I married a man with 2 grown daughters, a grown son, and a stepdaughter from his deceased wife. We have been married for 7 years and they were 31,33,43 and 35 when we married. They are now 38,40,50 and 42, and things have not changed a bit. They told their father they did not want him to get married, and the next to the oldest told me that I should come to her for advice, as she ran the family and everyone came to her for advice, and the youngest one sat on her stepfather's lap and cried at our reception because she thought she was losing him. They insulted my children, who behaved very well and have always been kind to my husband, and actually treat him better than his own children.
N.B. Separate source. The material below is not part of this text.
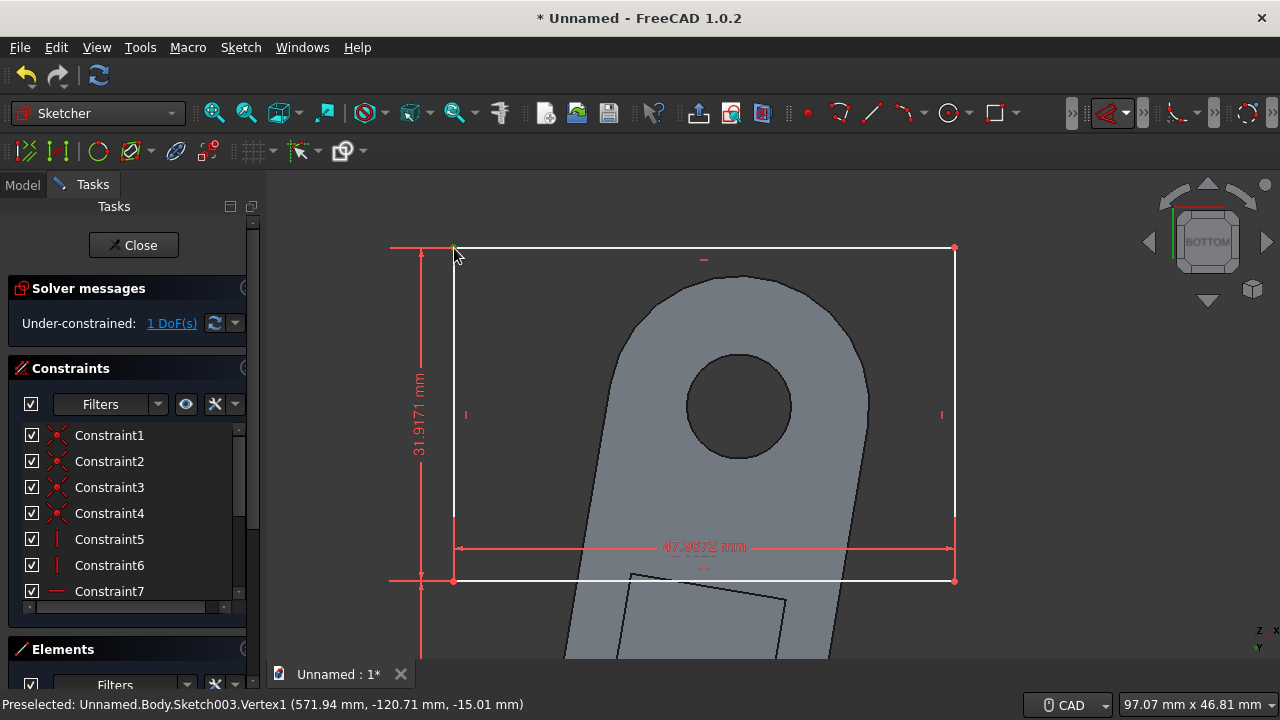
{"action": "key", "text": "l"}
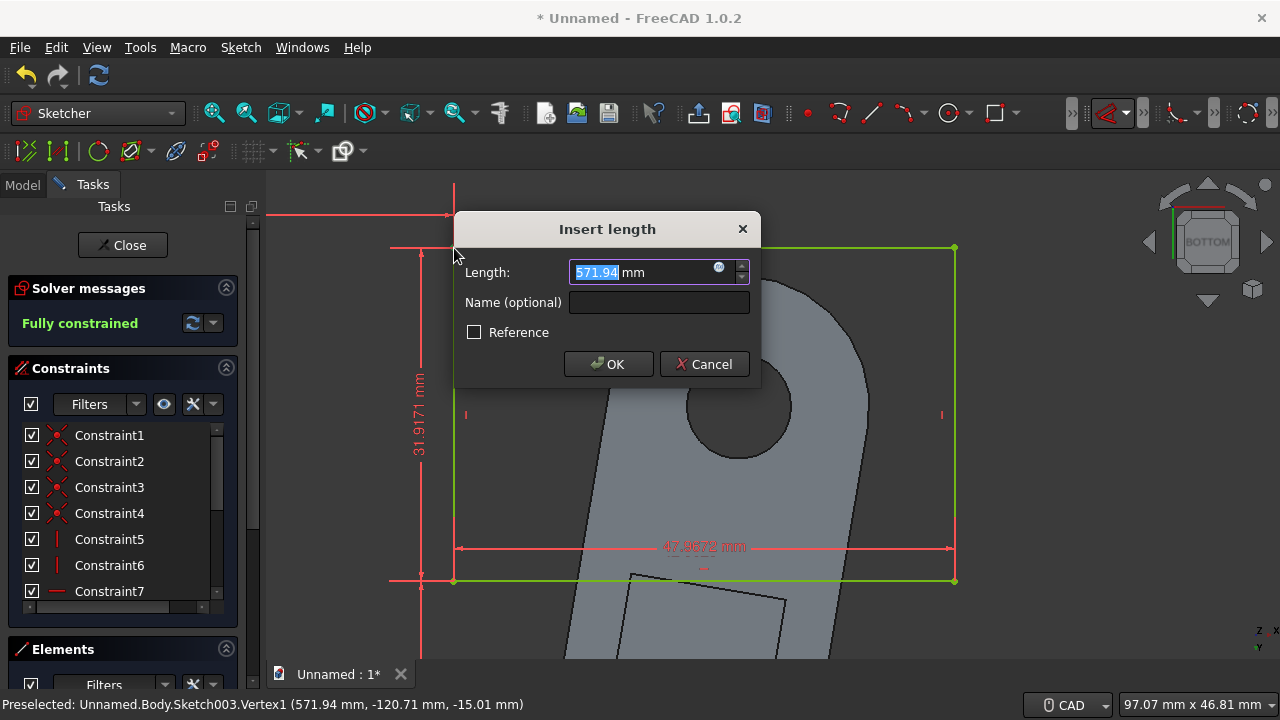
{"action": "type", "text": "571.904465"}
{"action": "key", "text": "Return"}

I have been insulted in my own home, one of them said in front of me and my husband that "they were daddy's princesses and they would always come first." The son lives in another state thank goodness, and he is what I call a freeloader when he visits. Expects me to wait on him. He takes his father's chair in the living room because his excuse is that he cannot see well and needs that chair closer to the TV, when I actually caught him not wearing his glasses, which is why he could not see!! He doesn't ask his father if he needs any help (my husband is 8 years older than me and he is 70), nor has he ever offered to take his father to dinner when he is at home, until I talked to him kindly and thought it would be a nice gesture. He takes over the TV when he visits, and will not pick up after himself, and this guy is 50 years old!! I have never, ever seen such spoiled adults in my life.

Whew, just needed to get that off my chest. What I mean is that this type of behavior does not stop as they get older, unless the father has a good talk with the children. At 9 though you have to have patience, but she knows how to manipulate her father and girls are good at that. She might just feel insecure and maybe your attention will change that, but I do feel for you. Good luck.